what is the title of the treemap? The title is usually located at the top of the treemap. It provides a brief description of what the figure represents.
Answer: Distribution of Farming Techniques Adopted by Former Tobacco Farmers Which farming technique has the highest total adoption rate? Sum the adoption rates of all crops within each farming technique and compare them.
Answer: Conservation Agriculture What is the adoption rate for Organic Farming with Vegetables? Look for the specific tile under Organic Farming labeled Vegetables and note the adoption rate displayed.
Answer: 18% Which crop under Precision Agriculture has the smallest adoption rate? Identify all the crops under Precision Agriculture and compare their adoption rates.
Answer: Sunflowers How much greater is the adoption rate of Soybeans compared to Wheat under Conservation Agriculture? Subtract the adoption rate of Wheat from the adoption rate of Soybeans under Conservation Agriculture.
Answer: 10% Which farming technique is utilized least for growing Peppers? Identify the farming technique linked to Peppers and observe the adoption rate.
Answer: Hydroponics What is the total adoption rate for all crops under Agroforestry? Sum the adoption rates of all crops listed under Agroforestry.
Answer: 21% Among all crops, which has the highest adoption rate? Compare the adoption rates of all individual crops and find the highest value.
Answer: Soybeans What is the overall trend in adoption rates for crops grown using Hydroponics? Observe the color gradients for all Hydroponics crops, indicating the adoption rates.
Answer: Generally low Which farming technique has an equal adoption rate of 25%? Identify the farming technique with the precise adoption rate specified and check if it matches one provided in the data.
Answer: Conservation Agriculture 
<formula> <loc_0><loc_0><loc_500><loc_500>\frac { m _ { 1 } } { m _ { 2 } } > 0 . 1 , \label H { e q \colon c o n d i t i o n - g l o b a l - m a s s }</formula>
☆ ☆ ☆ ☆
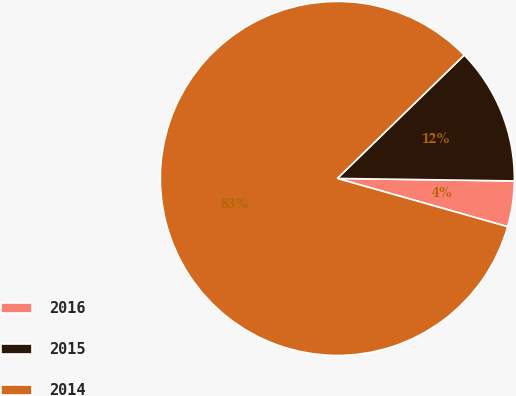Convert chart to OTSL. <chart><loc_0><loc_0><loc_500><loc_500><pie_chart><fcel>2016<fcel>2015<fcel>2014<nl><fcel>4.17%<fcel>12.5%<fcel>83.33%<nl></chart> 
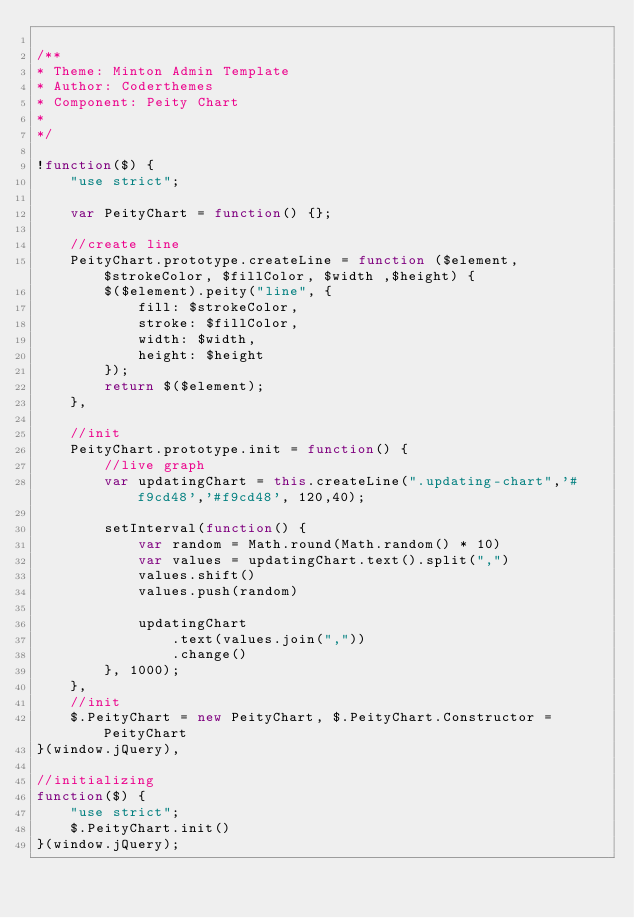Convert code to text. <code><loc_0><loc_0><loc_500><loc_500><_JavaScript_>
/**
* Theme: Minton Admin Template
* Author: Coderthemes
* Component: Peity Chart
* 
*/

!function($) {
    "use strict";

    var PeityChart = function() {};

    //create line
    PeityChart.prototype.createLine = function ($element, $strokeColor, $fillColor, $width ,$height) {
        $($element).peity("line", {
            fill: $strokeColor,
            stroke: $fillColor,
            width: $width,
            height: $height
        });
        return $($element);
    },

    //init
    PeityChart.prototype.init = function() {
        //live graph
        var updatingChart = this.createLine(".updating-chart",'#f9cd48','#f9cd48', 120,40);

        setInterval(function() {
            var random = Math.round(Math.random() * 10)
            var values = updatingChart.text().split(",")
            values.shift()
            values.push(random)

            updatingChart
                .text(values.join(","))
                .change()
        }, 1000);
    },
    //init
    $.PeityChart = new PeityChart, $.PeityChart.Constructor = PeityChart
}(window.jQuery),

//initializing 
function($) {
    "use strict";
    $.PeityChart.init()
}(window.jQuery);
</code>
☆ ☆ ☆ ☆
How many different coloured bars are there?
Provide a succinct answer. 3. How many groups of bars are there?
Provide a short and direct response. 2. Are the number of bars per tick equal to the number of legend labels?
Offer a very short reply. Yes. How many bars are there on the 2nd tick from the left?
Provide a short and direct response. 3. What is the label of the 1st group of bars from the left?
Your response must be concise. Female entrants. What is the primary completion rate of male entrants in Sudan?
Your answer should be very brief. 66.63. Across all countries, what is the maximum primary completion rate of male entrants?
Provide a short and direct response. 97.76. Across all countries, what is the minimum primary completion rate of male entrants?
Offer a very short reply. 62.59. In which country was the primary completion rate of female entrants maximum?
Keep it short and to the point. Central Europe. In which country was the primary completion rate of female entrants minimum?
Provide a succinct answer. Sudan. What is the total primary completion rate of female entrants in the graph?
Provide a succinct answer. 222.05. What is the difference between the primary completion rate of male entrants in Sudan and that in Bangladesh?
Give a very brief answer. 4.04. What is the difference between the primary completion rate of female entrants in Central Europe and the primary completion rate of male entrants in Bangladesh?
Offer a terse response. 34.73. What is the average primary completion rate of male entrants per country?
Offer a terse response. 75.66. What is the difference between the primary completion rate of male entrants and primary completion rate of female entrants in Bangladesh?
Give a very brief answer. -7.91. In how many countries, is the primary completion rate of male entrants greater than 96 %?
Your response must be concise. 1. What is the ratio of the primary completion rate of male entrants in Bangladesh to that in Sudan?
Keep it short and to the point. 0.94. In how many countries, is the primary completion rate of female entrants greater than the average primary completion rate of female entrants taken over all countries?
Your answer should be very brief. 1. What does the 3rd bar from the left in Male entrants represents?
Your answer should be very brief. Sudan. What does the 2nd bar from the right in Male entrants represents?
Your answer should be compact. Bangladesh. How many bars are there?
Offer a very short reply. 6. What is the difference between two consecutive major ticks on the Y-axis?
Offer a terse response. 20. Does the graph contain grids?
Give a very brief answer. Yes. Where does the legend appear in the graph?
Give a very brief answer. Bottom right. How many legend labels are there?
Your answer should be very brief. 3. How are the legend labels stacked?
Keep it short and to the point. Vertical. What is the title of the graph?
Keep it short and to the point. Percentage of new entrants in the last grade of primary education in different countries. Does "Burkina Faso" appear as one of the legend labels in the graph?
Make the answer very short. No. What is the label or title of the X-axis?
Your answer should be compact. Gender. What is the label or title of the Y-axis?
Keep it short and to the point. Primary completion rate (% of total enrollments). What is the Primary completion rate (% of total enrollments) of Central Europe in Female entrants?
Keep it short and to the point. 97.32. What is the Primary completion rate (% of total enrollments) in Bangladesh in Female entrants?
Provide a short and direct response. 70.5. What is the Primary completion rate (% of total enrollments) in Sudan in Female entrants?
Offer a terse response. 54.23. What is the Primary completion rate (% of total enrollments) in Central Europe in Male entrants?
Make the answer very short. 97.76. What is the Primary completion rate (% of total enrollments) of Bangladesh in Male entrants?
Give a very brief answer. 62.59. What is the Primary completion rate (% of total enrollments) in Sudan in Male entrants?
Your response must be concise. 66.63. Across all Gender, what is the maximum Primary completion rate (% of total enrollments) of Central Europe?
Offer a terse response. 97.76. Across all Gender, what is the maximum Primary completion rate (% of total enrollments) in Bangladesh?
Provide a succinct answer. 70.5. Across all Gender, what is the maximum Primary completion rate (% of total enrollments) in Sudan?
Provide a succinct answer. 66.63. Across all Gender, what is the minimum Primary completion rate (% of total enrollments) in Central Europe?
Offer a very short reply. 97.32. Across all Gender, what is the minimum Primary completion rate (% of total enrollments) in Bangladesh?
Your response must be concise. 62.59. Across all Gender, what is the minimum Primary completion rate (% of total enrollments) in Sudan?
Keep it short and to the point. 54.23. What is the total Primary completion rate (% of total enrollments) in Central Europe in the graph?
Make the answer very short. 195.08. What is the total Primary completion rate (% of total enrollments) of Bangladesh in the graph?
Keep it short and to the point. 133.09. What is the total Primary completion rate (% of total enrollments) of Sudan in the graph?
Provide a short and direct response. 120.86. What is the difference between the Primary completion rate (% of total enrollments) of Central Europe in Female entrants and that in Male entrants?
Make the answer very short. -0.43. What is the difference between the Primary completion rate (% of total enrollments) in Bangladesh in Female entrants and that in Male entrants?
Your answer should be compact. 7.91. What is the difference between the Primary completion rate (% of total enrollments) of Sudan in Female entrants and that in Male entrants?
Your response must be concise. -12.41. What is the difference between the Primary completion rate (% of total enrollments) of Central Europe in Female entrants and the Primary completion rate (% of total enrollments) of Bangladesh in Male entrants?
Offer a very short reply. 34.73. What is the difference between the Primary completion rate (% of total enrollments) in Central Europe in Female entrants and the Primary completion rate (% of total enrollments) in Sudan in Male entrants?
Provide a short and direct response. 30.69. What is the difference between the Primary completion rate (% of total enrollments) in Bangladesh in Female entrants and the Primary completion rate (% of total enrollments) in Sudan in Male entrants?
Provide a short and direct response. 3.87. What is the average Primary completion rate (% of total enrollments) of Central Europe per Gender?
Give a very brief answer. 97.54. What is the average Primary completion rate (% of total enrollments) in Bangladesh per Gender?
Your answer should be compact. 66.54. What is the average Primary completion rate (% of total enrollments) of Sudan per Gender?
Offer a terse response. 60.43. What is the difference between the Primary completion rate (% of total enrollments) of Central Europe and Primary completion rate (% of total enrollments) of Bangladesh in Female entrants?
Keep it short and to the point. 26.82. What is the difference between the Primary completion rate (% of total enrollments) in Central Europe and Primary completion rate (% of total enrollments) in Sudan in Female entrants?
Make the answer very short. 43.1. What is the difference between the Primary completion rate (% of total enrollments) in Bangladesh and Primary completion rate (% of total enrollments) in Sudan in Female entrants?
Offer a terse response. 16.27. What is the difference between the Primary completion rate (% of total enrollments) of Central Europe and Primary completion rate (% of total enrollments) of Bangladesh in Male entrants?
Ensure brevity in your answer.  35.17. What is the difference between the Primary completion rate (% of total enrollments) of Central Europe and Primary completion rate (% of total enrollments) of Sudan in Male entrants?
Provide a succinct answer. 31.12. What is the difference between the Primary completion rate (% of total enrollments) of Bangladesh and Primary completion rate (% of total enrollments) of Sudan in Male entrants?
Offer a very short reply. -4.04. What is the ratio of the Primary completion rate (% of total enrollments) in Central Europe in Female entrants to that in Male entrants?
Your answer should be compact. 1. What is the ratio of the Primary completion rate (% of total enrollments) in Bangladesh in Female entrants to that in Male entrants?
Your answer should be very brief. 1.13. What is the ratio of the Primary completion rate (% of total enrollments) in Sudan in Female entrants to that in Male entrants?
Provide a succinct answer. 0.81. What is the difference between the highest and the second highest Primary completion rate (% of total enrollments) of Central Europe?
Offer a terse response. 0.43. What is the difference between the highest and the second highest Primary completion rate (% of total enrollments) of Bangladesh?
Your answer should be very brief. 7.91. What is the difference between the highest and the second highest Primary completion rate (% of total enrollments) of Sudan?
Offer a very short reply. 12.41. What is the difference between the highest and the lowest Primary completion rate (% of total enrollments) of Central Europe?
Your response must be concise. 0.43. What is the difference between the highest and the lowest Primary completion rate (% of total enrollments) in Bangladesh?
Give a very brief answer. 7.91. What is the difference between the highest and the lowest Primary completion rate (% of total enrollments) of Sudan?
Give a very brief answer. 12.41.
☆ ☆ ☆ ☆
Check every line above for the string "country", and copy the ones that have it.

Offer a very short reply. 62.59. In which country was the primary completion rate of female entrants maximum?
Keep it short and to the point. Central Europe. In which country was the primary completion rate of female entrants minimum?
Offer a terse response. 34.73. What is the average primary completion rate of male entrants per country?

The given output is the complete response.